**What you have to do**:
Return the whole listing exactly as written.
Available data Start Marker
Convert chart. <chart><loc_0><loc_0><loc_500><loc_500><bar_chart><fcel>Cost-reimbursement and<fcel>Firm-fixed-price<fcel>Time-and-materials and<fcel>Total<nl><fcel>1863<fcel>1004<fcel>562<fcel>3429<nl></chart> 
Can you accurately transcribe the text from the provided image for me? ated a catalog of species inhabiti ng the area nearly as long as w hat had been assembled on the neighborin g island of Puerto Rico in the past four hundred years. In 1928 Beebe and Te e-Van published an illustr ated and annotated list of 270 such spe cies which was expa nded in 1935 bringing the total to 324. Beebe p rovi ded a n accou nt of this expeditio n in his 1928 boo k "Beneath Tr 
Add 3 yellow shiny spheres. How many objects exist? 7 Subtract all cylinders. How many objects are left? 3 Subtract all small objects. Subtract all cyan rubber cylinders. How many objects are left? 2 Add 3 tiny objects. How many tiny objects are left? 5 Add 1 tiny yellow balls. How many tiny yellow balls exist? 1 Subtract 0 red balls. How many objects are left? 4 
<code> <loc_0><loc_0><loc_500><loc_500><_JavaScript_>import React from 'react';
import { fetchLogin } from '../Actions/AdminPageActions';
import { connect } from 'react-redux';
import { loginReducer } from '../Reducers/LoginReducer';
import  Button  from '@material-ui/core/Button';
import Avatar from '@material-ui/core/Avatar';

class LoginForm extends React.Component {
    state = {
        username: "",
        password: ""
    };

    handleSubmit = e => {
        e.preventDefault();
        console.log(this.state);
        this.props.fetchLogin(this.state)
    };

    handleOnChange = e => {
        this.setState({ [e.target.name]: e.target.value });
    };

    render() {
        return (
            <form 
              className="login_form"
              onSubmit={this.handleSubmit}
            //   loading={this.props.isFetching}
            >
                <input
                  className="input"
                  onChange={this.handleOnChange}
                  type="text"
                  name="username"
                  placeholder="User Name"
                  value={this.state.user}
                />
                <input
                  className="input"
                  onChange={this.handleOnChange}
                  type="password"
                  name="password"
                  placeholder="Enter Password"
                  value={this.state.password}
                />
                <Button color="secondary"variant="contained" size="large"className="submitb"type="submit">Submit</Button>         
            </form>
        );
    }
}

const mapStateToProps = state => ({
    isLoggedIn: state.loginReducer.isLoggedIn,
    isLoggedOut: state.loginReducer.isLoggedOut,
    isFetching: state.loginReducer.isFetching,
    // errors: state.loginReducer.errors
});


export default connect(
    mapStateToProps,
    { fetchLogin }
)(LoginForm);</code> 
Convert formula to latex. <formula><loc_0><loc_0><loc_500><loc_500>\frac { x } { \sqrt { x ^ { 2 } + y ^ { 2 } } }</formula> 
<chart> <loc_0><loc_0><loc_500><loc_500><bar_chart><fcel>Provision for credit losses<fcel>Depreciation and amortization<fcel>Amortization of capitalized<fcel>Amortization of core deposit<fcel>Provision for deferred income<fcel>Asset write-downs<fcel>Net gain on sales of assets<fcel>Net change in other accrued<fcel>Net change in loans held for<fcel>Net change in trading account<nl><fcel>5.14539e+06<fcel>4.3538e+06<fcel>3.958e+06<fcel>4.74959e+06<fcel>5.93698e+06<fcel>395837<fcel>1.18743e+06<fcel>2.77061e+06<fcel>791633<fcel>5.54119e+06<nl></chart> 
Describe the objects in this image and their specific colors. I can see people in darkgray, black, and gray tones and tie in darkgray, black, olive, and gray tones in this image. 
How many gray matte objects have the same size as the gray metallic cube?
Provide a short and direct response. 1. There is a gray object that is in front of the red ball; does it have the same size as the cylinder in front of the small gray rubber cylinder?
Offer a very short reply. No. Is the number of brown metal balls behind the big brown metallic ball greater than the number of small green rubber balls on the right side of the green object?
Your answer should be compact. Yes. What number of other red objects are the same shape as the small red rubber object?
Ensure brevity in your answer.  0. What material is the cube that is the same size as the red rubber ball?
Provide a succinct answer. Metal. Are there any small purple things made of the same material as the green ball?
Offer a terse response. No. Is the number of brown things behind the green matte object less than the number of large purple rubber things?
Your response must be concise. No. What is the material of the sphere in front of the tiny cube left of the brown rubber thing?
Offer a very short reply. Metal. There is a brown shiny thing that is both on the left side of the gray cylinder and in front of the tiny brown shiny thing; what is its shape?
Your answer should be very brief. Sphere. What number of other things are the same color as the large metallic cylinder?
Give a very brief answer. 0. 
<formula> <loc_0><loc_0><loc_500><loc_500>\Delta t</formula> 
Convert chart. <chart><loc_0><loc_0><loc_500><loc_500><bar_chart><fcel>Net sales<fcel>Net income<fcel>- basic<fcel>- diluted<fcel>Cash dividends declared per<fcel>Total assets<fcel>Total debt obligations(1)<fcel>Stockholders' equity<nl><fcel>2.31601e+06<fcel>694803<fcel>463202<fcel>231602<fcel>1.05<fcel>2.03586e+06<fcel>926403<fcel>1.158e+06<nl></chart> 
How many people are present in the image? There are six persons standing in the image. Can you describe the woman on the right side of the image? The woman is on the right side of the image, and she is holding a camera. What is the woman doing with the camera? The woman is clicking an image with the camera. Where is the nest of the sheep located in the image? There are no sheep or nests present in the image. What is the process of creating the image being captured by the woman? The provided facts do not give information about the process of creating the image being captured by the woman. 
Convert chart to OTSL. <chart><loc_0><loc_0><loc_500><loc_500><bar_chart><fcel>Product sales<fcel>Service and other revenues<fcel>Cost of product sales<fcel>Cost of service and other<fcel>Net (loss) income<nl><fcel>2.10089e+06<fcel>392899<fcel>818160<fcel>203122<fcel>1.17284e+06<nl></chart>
Available data End Marker
**Solved problem**:
Convert chart. <chart><loc_0><loc_0><loc_500><loc_500><bar_chart><fcel>Cost-reimbursement and<fcel>Firm-fixed-price<fcel>Time-and-materials and<fcel>Total<nl><fcel>1863<fcel>1004<fcel>562<fcel>3429<nl></chart> 
Can you accurately transcribe the text from the provided image for me? ated a catalog of species inhabiti ng the area nearly as long as w hat had been assembled on the neighborin g island of Puerto Rico in the past four hundred years. In 1928 Beebe and Te e-Van published an illustr ated and annotated list of 270 such spe cies which was expa nded in 1935 bringing the total to 324. Beebe p rovi ded a n accou nt of this expeditio n in his 1928 boo k "Beneath Tr 
Add 3 yellow shiny spheres. How many objects exist? 7 Subtract all cylinders. How many objects are left? 3 Subtract all small objects. Subtract all cyan rubber cylinders. How many objects are left? 2 Add 3 tiny objects. How many tiny objects are left? 5 Add 1 tiny yellow balls. How many tiny yellow balls exist? 1 Subtract 0 red balls. How many objects are left? 4 
<code> <loc_0><loc_0><loc_500><loc_500><_JavaScript_>import React from 'react';
import { fetchLogin } from '../Actions/AdminPageActions';
import { connect } from 'react-redux';
import { loginReducer } from '../Reducers/LoginReducer';
import  Button  from '@material-ui/core/Button';
import Avatar from '@material-ui/core/Avatar';

class LoginForm extends React.Component {
    state = {
        username: "",
        password: ""
    };

    handleSubmit = e => {
        e.preventDefault();
        console.log(this.state);
        this.props.fetchLogin(this.state)
    };

    handleOnChange = e => {
        this.setState({ [e.target.name]: e.target.value });
    };

    render() {
        return (
            <form 
              className="login_form"
              onSubmit={this.handleSubmit}
            //   loading={this.props.isFetching}
            >
                <input
                  className="input"
                  onChange={this.handleOnChange}
                  type="text"
                  name="username"
                  placeholder="User Name"
                  value={this.state.user}
                />
                <input
                  className="input"
                  onChange={this.handleOnChange}
                  type="password"
                  name="password"
                  placeholder="Enter Password"
                  value={this.state.password}
                />
                <Button color="secondary"variant="contained" size="large"className="submitb"type="submit">Submit</Button>         
            </form>
        );
    }
}

const mapStateToProps = state => ({
    isLoggedIn: state.loginReducer.isLoggedIn,
    isLoggedOut: state.loginReducer.isLoggedOut,
    isFetching: state.loginReducer.isFetching,
    // errors: state.loginReducer.errors
});


export default connect(
    mapStateToProps,
    { fetchLogin }
)(LoginForm);</code> 
Convert formula to latex. <formula><loc_0><loc_0><loc_500><loc_500>\frac { x } { \sqrt { x ^ { 2 } + y ^ { 2 } } }</formula> 
<chart> <loc_0><loc_0><loc_500><loc_500><bar_chart><fcel>Provision for credit losses<fcel>Depreciation and amortization<fcel>Amortization of capitalized<fcel>Amortization of core deposit<fcel>Provision for deferred income<fcel>Asset write-downs<fcel>Net gain on sales of assets<fcel>Net change in other accrued<fcel>Net change in loans held for<fcel>Net change in trading account<nl><fcel>5.14539e+06<fcel>4.3538e+06<fcel>3.958e+06<fcel>4.74959e+06<fcel>5.93698e+06<fcel>395837<fcel>1.18743e+06<fcel>2.77061e+06<fcel>791633<fcel>5.54119e+06<nl></chart> 
Describe the objects in this image and their specific colors. I can see people in darkgray, black, and gray tones and tie in darkgray, black, olive, and gray tones in this image. 
How many gray matte objects have the same size as the gray metallic cube?
Provide a short and direct response. 1. There is a gray object that is in front of the red ball; does it have the same size as the cylinder in front of the small gray rubber cylinder?
Offer a very short reply. No. Is the number of brown metal balls behind the big brown metallic ball greater than the number of small green rubber balls on the right side of the green object?
Your answer should be compact. Yes. What number of other red objects are the same shape as the small red rubber object?
Ensure brevity in your answer.  0. What material is the cube that is the same size as the red rubber ball?
Provide a succinct answer. Metal. Are there any small purple things made of the same material as the green ball?
Offer a terse response. No. Is the number of brown things behind the green matte object less than the number of large purple rubber things?
Your response must be concise. No. What is the material of the sphere in front of the tiny cube left of the brown rubber thing?
Offer a very short reply. Metal. There is a brown shiny thing that is both on the left side of the gray cylinder and in front of the tiny brown shiny thing; what is its shape?
Your answer should be very brief. Sphere. What number of other things are the same color as the large metallic cylinder?
Give a very brief answer. 0. 
<formula> <loc_0><loc_0><loc_500><loc_500>\Delta t</formula> 
Convert chart. <chart><loc_0><loc_0><loc_500><loc_500><bar_chart><fcel>Net sales<fcel>Net income<fcel>- basic<fcel>- diluted<fcel>Cash dividends declared per<fcel>Total assets<fcel>Total debt obligations(1)<fcel>Stockholders' equity<nl><fcel>2.31601e+06<fcel>694803<fcel>463202<fcel>231602<fcel>1.05<fcel>2.03586e+06<fcel>926403<fcel>1.158e+06<nl></chart> 
How many people are present in the image? There are six persons standing in the image. Can you describe the woman on the right side of the image? The woman is on the right side of the image, and she is holding a camera. What is the woman doing with the camera? The woman is clicking an image with the camera. Where is the nest of the sheep located in the image? There are no sheep or nests present in the image. What is the process of creating the image being captured by the woman? The provided facts do not give information about the process of creating the image being captured by the woman. 
Convert chart to OTSL. <chart><loc_0><loc_0><loc_500><loc_500><bar_chart><fcel>Product sales<fcel>Service and other revenues<fcel>Cost of product sales<fcel>Cost of service and other<fcel>Net (loss) income<nl><fcel>2.10089e+06<fcel>392899<fcel>818160<fcel>203122<fcel>1.17284e+06<nl></chart>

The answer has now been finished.